▶ [Task statement] Word for word, copy out every line of the records, omitting each picture.

▶ [Extracted entries]
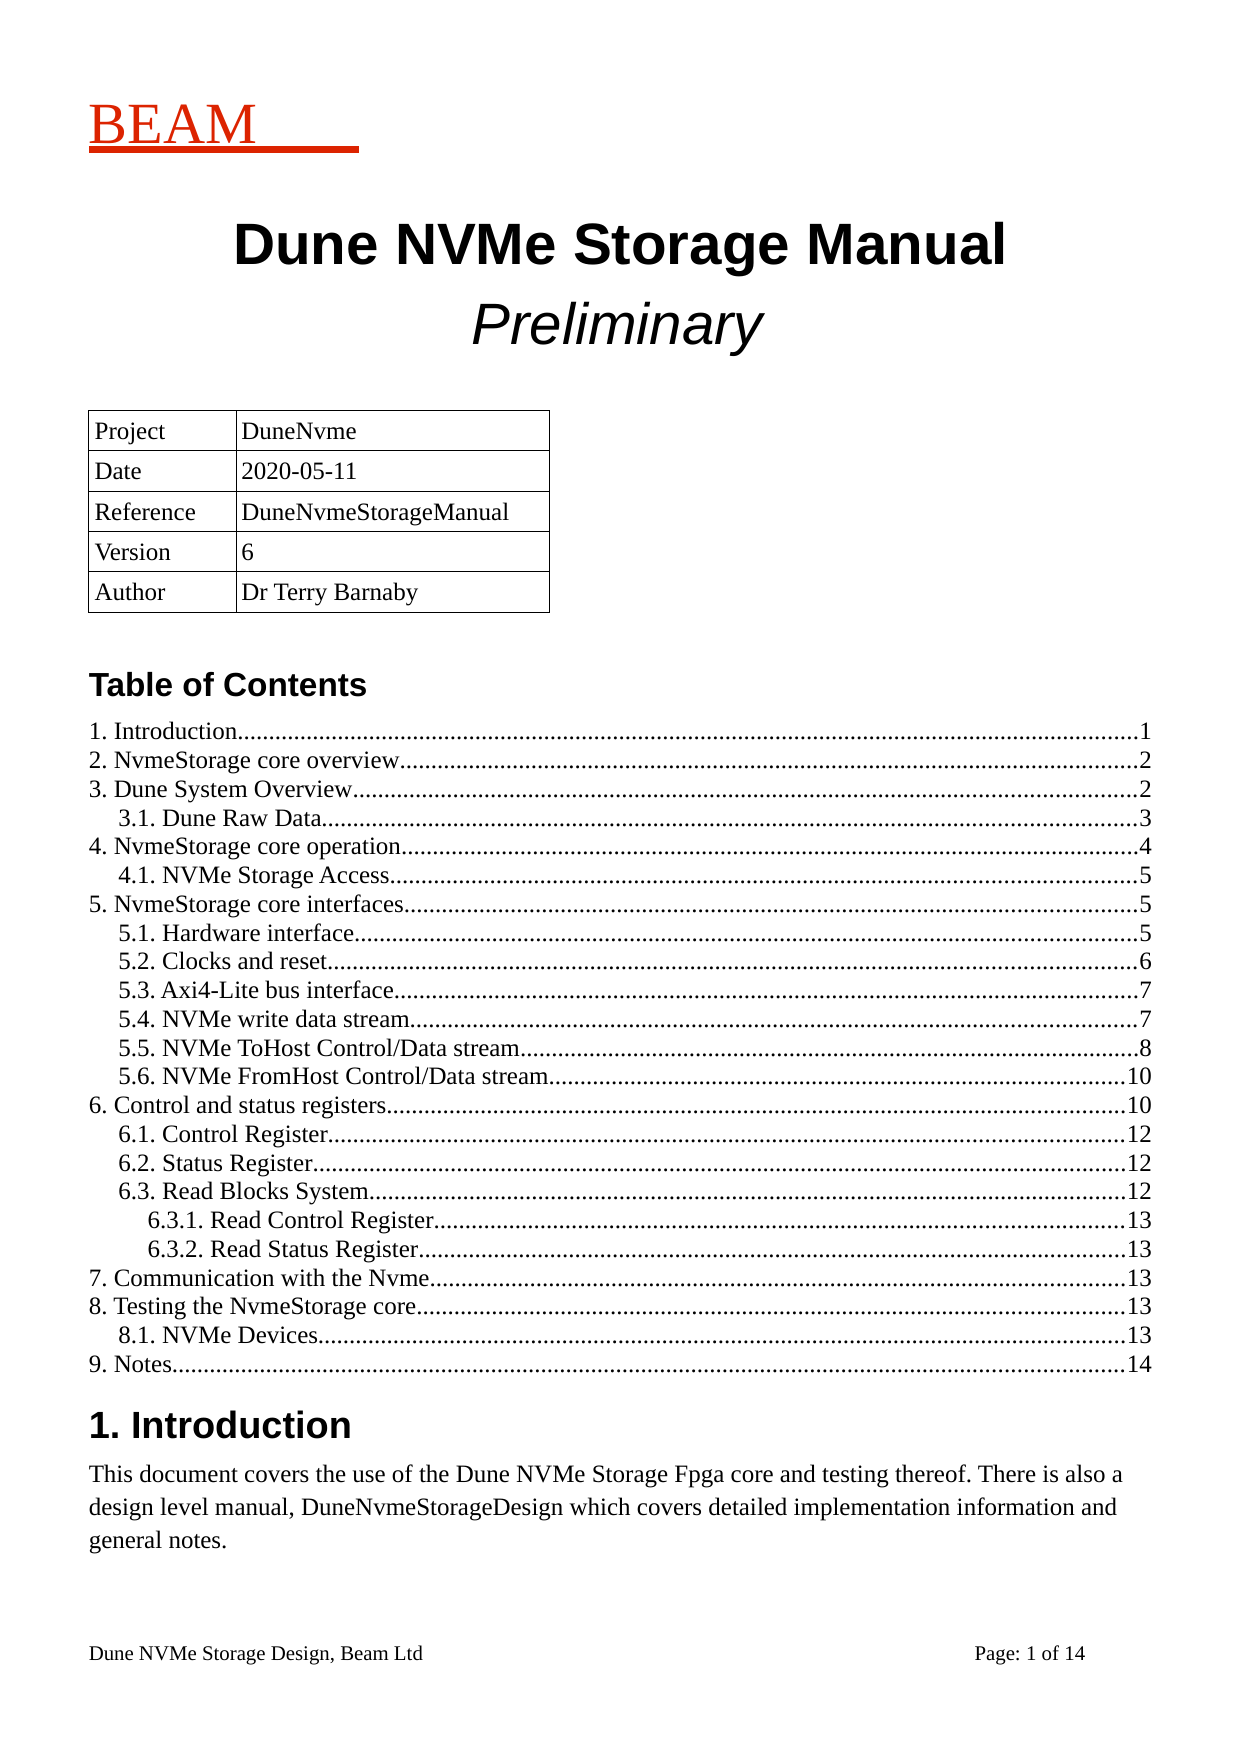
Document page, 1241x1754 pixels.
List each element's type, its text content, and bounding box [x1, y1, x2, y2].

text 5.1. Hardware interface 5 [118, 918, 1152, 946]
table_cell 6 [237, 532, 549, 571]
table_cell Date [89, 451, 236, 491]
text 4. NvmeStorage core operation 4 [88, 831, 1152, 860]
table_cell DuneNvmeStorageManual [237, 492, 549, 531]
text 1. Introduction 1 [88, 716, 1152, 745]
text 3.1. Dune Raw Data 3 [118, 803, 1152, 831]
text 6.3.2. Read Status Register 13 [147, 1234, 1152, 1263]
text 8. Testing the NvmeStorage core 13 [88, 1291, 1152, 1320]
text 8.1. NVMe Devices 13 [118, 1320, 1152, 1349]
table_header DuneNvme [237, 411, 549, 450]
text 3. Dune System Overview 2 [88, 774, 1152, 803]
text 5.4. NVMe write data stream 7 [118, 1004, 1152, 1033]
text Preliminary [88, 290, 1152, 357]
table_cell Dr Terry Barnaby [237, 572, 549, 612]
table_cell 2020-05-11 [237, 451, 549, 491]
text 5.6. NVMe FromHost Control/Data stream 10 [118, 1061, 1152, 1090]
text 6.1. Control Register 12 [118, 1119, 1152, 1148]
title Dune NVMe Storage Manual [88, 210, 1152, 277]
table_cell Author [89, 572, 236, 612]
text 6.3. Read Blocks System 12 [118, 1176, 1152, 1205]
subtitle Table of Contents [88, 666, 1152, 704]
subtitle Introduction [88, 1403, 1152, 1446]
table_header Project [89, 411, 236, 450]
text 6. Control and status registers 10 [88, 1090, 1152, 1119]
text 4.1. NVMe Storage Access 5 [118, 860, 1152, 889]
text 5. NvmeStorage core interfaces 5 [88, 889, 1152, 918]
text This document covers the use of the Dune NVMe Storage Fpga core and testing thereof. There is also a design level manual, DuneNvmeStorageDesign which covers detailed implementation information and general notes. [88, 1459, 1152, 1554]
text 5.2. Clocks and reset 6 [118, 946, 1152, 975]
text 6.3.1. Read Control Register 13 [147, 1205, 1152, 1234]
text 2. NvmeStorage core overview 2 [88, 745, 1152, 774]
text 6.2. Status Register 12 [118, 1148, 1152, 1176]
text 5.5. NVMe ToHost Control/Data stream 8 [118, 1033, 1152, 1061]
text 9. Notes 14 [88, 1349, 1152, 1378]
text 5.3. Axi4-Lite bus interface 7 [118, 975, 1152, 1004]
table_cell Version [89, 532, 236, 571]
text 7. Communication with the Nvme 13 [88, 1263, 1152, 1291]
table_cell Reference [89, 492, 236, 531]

▶ [Result of the exercise]
Document page, 1241x1754 pixels.
List each element's type, its text content, and bounding box [x1, y1, x2, y2].

text 5.1. Hardware interface 5 [118, 918, 1152, 946]
table_cell 6 [237, 532, 549, 571]
table_cell Date [89, 451, 236, 491]
text 4. NvmeStorage core operation 4 [88, 831, 1152, 860]
table_cell DuneNvmeStorageManual [237, 492, 549, 531]
text 1. Introduction 1 [88, 716, 1152, 745]
text 3.1. Dune Raw Data 3 [118, 803, 1152, 831]
text 6.3.2. Read Status Register 13 [147, 1234, 1152, 1263]
text 8. Testing the NvmeStorage core 13 [88, 1291, 1152, 1320]
text 8.1. NVMe Devices 13 [118, 1320, 1152, 1349]
table_header DuneNvme [237, 411, 549, 450]
text 3. Dune System Overview 2 [88, 774, 1152, 803]
text 5.4. NVMe write data stream 7 [118, 1004, 1152, 1033]
text Preliminary [88, 290, 1152, 357]
table_cell Dr Terry Barnaby [237, 572, 549, 612]
table_cell 2020-05-11 [237, 451, 549, 491]
text 5.6. NVMe FromHost Control/Data stream 10 [118, 1061, 1152, 1090]
text 6.1. Control Register 12 [118, 1119, 1152, 1148]
title Dune NVMe Storage Manual [88, 210, 1152, 277]
table_cell Author [89, 572, 236, 612]
text 6.3. Read Blocks System 12 [118, 1176, 1152, 1205]
subtitle Table of Contents [88, 666, 1152, 704]
subtitle Introduction [88, 1403, 1152, 1446]
table_header Project [89, 411, 236, 450]
text 6. Control and status registers 10 [88, 1090, 1152, 1119]
text 4.1. NVMe Storage Access 5 [118, 860, 1152, 889]
text 5. NvmeStorage core interfaces 5 [88, 889, 1152, 918]
text This document covers the use of the Dune NVMe Storage Fpga core and testing thereof. There is also a design level manual, DuneNvmeStorageDesign which covers detailed implementation information and general notes. [88, 1459, 1152, 1554]
text 5.2. Clocks and reset 6 [118, 946, 1152, 975]
text 6.3.1. Read Control Register 13 [147, 1205, 1152, 1234]
text 2. NvmeStorage core overview 2 [88, 745, 1152, 774]
text 6.2. Status Register 12 [118, 1148, 1152, 1176]
text 5.5. NVMe ToHost Control/Data stream 8 [118, 1033, 1152, 1061]
text 9. Notes 14 [88, 1349, 1152, 1378]
text 5.3. Axi4-Lite bus interface 7 [118, 975, 1152, 1004]
table_cell Version [89, 532, 236, 571]
text 7. Communication with the Nvme 13 [88, 1263, 1152, 1291]
table_cell Reference [89, 492, 236, 531]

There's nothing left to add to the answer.